Once the toast of Bay Street, this maker of frozen treats, including the Eskimo Pie, has become about as appealing as brain freeze to investors. The latest selloff was triggered by a warning CoolBrands received from a lender over its credit agreements, something that always irritates the market. JP Morgan Chase said it "reserves the right" to terminate two credit agreements after the Markham company failed to meet certain earnings benchmarks. Just over two years ago, CoolBrands was one of the hottest stocks on the TSX, rocketing as high as $27 before it started to lose flavour with the loss of rights to the Weight Watchers brand.

* ACT VIII: The Penny Jackpot Cash Minerals (TSXV:CHX) $1.48 Up 270 per cent (year-to-date surge).

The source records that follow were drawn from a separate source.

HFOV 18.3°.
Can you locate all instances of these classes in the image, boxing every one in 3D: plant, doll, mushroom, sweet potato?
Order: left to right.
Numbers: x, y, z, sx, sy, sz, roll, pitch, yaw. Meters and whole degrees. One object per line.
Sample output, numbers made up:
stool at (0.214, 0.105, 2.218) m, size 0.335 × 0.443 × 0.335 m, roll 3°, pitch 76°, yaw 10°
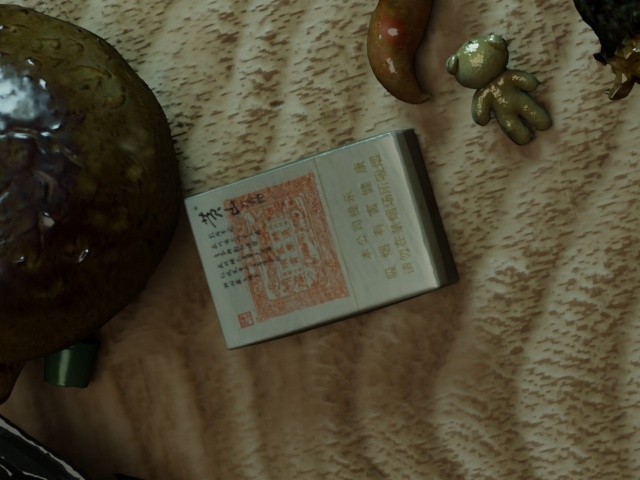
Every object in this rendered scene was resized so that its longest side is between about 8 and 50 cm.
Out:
mushroom at (-0.289, -0.050, 1.665) m, size 0.239 × 0.345 × 0.345 m, roll -24°, pitch 84°, yaw 63°
plant at (-0.218, 0.077, 1.755) m, size 0.051 × 0.051 × 0.102 m, roll 8°, pitch 92°, yaw 20°
sweet potato at (0.067, -0.212, 1.622) m, size 0.055 × 0.058 × 0.202 m, roll 2°, pitch 94°, yaw 0°
doll at (0.143, -0.120, 1.602) m, size 0.061 × 0.051 × 0.093 m, roll -35°, pitch 83°, yaw 13°

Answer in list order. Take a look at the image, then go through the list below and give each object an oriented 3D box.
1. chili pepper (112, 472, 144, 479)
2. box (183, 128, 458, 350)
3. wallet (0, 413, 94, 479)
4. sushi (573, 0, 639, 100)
chili pepper at (-0.186, 0.261, 1.751) m, size 0.216 × 0.062 × 0.108 m, roll 18°, pitch 100°, yaw 20°
box at (0.000, 0.000, 1.662) m, size 0.201 × 0.058 × 0.141 m, roll -16°, pitch 89°, yaw 22°
wallet at (-0.228, 0.305, 1.710) m, size 0.323 × 0.041 × 0.247 m, roll 36°, pitch 114°, yaw -3°
sushi at (0.319, -0.271, 1.435) m, size 0.348 × 0.234 × 0.207 m, roll -34°, pitch 85°, yaw 43°
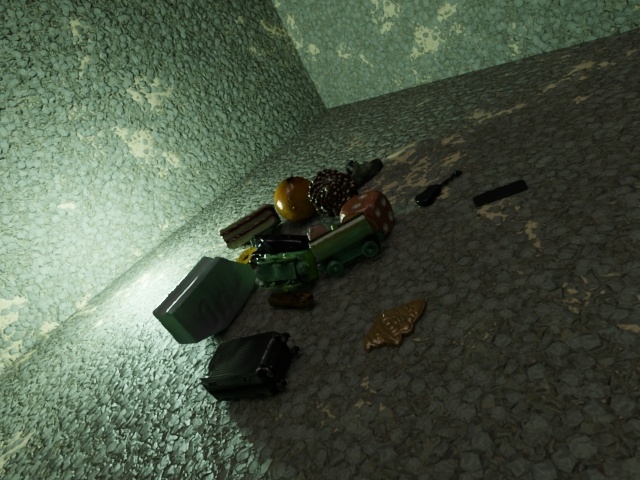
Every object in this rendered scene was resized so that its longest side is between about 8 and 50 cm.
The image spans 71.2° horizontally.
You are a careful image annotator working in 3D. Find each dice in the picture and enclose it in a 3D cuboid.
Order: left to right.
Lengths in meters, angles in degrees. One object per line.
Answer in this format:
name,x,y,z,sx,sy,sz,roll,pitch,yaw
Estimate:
dice,0.202,-0.103,1.913,0.175,0.174,0.179,-9,34,40

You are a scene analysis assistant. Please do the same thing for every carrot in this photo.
carrot,-0.119,0.237,1.781,0.229,0.069,0.069,-6,35,43

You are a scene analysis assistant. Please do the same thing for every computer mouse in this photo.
computer mouse,-0.155,0.019,2.147,0.264,0.088,0.147,0,14,12

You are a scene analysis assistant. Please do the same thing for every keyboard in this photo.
keyboard,0.686,-0.181,1.716,0.197,0.015,0.074,-21,31,21

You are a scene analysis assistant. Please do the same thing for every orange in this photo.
orange,-0.126,-0.221,2.392,0.246,0.246,0.246,-25,27,13

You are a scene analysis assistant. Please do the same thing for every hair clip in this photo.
hair clip,0.003,0.004,1.982,0.123,0.138,0.102,-25,31,-4

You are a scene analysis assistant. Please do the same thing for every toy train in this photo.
toy train,-0.141,0.121,1.873,0.272,0.159,0.188,-9,4,39
toy train,0.102,0.019,1.783,0.307,0.189,0.126,-28,29,10

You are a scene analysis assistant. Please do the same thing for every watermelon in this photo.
watermelon,-0.302,-0.010,2.423,0.187,0.071,0.139,-32,5,-29

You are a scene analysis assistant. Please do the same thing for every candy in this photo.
candy,-0.383,-0.076,2.482,0.321,0.135,0.179,-29,2,3

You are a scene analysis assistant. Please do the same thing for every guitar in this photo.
guitar,0.524,-0.240,1.965,0.271,0.038,0.084,-39,28,-16

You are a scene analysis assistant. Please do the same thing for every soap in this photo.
soap,-0.472,0.240,1.925,0.156,0.261,0.446,-11,31,37

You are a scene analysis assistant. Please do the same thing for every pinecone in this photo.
pinecone,0.066,-0.242,2.235,0.264,0.264,0.264,-25,27,13

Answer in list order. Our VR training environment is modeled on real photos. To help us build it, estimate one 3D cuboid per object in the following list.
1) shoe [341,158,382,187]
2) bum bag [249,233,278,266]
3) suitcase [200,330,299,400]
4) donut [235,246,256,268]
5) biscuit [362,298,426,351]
shoe,0.213,-0.393,2.445,0.293,0.149,0.109,-43,27,-20
bum bag,-0.270,0.056,2.206,0.144,0.095,0.340,9,27,-9
suitcase,-0.239,0.421,1.507,0.312,0.128,0.202,-17,29,28
donut,-0.368,0.101,2.292,0.152,0.058,0.152,-25,27,14
biscuit,0.233,0.261,1.404,0.250,0.035,0.162,-35,30,-12
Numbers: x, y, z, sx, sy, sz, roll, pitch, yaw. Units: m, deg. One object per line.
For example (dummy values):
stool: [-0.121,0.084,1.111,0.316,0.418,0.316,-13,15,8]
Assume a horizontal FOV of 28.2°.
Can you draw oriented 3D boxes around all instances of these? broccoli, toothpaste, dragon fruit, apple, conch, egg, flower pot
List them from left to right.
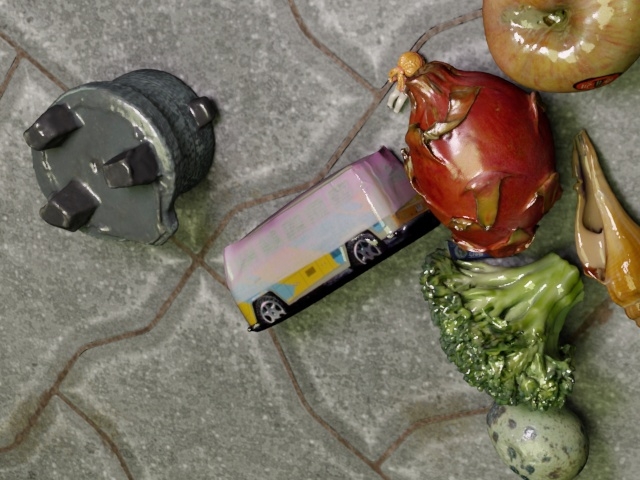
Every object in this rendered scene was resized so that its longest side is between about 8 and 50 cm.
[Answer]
flower pot: [-0.329,-0.132,2.151,0.299,0.283,0.299,9,113,23]
dragon fruit: [0.242,-0.129,1.902,0.250,0.250,0.315,-26,87,32]
toothpaste: [0.266,0.016,2.077,0.140,0.021,0.037,-2,105,30]
broccoli: [0.302,0.118,2.011,0.245,0.248,0.288,-36,113,1]
egg: [0.355,0.321,2.091,0.182,0.141,0.141,37,123,20]
apple: [0.351,-0.328,1.787,0.261,0.194,0.261,11,115,25]
conch: [0.451,-0.010,1.945,0.109,0.093,0.330,-24,79,49]

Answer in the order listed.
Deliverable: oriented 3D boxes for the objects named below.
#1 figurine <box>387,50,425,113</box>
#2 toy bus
figurine: [0.130,-0.249,2.019,0.064,0.047,0.109,46,133,30]
toy bus: [0.000,0.000,2.123,0.386,0.171,0.162,-34,84,33]
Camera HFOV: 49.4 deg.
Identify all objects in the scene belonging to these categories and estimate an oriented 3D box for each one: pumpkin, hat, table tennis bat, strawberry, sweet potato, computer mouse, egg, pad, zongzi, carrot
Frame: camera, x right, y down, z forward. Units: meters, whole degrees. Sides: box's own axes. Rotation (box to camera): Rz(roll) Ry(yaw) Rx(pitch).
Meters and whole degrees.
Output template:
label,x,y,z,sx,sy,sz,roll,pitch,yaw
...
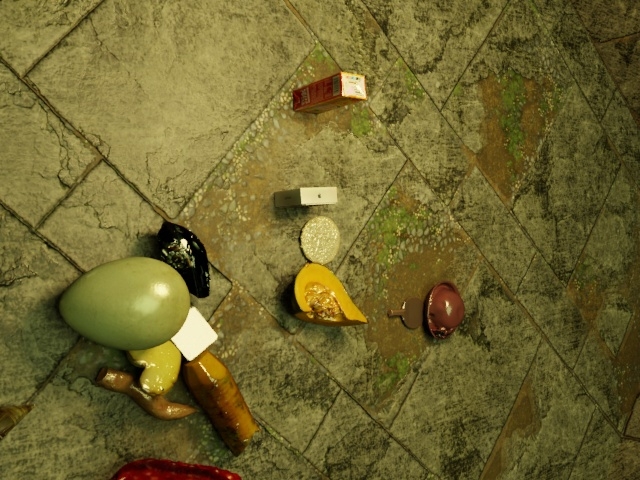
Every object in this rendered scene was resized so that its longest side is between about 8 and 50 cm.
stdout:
label,x,y,z,sx,sy,sz,roll,pitch,yaw
pumpkin,0.007,0.162,2.058,0.279,0.111,0.163,16,63,-35
hat,0.436,0.239,2.375,0.205,0.089,0.205,1,89,-46
table tennis bat,0.322,0.238,2.278,0.170,0.119,0.107,3,85,-40
strawberry,-0.356,0.667,1.664,0.345,0.295,0.317,29,86,1
sweet potato,-0.426,0.390,1.720,0.281,0.059,0.067,41,46,-31
computer mouse,-0.332,0.047,1.765,0.146,0.078,0.241,-73,145,-48
egg,-0.451,0.146,1.615,0.296,0.218,0.218,4,85,-27
pad,-0.346,0.220,1.787,0.157,0.003,0.112,52,50,-2
zongzi,-0.732,0.354,1.478,0.187,0.084,0.184,56,44,-17
carrot,-0.256,0.426,1.822,0.114,0.114,0.301,-39,112,-33

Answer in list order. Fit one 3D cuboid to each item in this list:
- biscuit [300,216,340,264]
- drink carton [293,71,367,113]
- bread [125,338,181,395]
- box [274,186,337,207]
label,x,y,z,sx,sy,sz,roll,pitch,yaw
biscuit,0.000,0.000,2.099,0.152,0.020,0.152,1,88,-37
drink carton,0.024,-0.422,2.009,0.096,0.223,0.071,-1,87,-39
bread,-0.422,0.302,1.701,0.149,0.065,0.187,34,35,-25
box,-0.043,-0.123,2.001,0.129,0.130,0.051,-4,90,-38
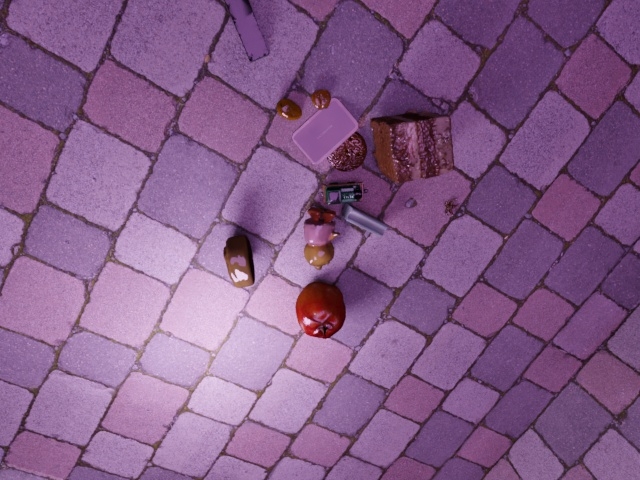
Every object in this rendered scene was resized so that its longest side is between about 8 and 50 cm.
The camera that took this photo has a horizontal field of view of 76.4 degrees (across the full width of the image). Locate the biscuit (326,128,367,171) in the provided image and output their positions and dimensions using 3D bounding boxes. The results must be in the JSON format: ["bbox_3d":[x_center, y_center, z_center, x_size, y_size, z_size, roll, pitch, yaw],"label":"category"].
[{"bbox_3d":[0.115,-0.398,1.805,0.187,0.027,0.188,-3,111,-7],"label":"biscuit"}]

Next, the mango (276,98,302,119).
[{"bbox_3d":[-0.130,-0.546,1.700,0.114,0.057,0.079,16,103,-22],"label":"mango"}]

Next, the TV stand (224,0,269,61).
[{"bbox_3d":[-0.286,-0.832,1.555,0.088,0.083,0.270,-24,113,-1],"label":"TV stand"}]

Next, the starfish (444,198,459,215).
[{"bbox_3d":[0.633,-0.164,1.971,0.078,0.028,0.091,21,103,-21],"label":"starfish"}]

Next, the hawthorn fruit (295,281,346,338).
[{"bbox_3d":[0.008,0.345,1.919,0.253,0.300,0.254,-3,114,-7],"label":"hawthorn fruit"}]

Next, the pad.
[{"bbox_3d":[0.019,-0.471,1.759,0.266,0.002,0.176,-41,100,7],"label":"pad"}]

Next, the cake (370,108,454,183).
[{"bbox_3d":[0.387,-0.404,1.710,0.290,0.282,0.256,-14,115,-5],"label":"cake"}]

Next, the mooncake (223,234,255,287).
[{"bbox_3d":[-0.357,0.095,1.796,0.116,0.235,0.235,-7,111,-6],"label":"mooncake"}]

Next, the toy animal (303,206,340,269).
[{"bbox_3d":[-0.002,0.003,1.865,0.195,0.169,0.281,14,121,32],"label":"toy animal"}]

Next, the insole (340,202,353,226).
[{"bbox_3d":[0.126,-0.155,1.908,0.065,0.006,0.194,-5,110,-7],"label":"insole"}]

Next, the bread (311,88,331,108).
[{"bbox_3d":[0.001,-0.591,1.705,0.083,0.046,0.081,12,102,-7],"label":"bread"}]

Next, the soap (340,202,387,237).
[{"bbox_3d":[0.200,-0.094,1.875,0.198,0.119,0.067,25,104,-20],"label":"soap"}]

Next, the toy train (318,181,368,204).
[{"bbox_3d":[0.101,-0.207,1.810,0.227,0.136,0.091,-3,109,2],"label":"toy train"}]
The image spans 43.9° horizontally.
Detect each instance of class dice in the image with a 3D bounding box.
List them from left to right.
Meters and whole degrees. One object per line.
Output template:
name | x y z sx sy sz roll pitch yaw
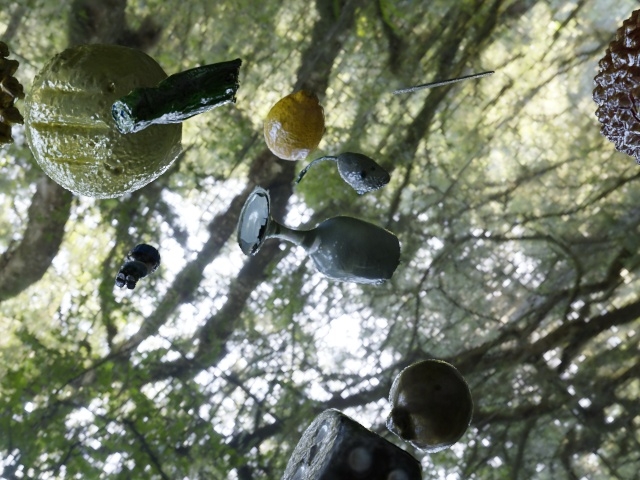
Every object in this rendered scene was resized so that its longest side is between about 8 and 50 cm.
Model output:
dice | 0.052 0.409 1.366 0.182 0.183 0.181 33 169 -15

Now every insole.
insole | 0.221 -0.283 1.423 0.065 0.194 0.006 -158 55 -80

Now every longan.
longan | 0.216 0.338 1.610 0.205 0.159 0.184 -15 -91 -35

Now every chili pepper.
chili pepper | -0.198 -0.209 1.147 0.224 0.098 0.061 -30 -103 -36

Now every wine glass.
wine glass | 0.000 0.000 1.538 0.321 0.143 0.143 16 -146 -26

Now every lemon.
lemon | -0.057 -0.268 1.858 0.142 0.187 0.142 17 -145 -12

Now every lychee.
lychee | 0.554 -0.244 1.128 0.306 0.331 0.305 162 90 -89

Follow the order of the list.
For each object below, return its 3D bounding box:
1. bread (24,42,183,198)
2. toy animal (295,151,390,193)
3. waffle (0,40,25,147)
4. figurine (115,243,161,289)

Many junior mining companies are far too modest, rarely, if ever, titillating the market with press releases. Well, Cash could never be accused of modesty. The Vancouver-based uranium exploration play has breath-lessly churned out 17 news hits since Jan. 1, much to the delight of its shareholders.

In a single week recently, the company announced it was adding 2,000 claims to its massive 40,000-hectare Yukon uranium project, accelerating its exploration by adding a drill and beefing up its exploration team. Of course, the fact that the uranium price has continued its breathless ascent hasn't hurt, either.

(Quotes are based on prices through Aug. 4 unless otherwise specified.)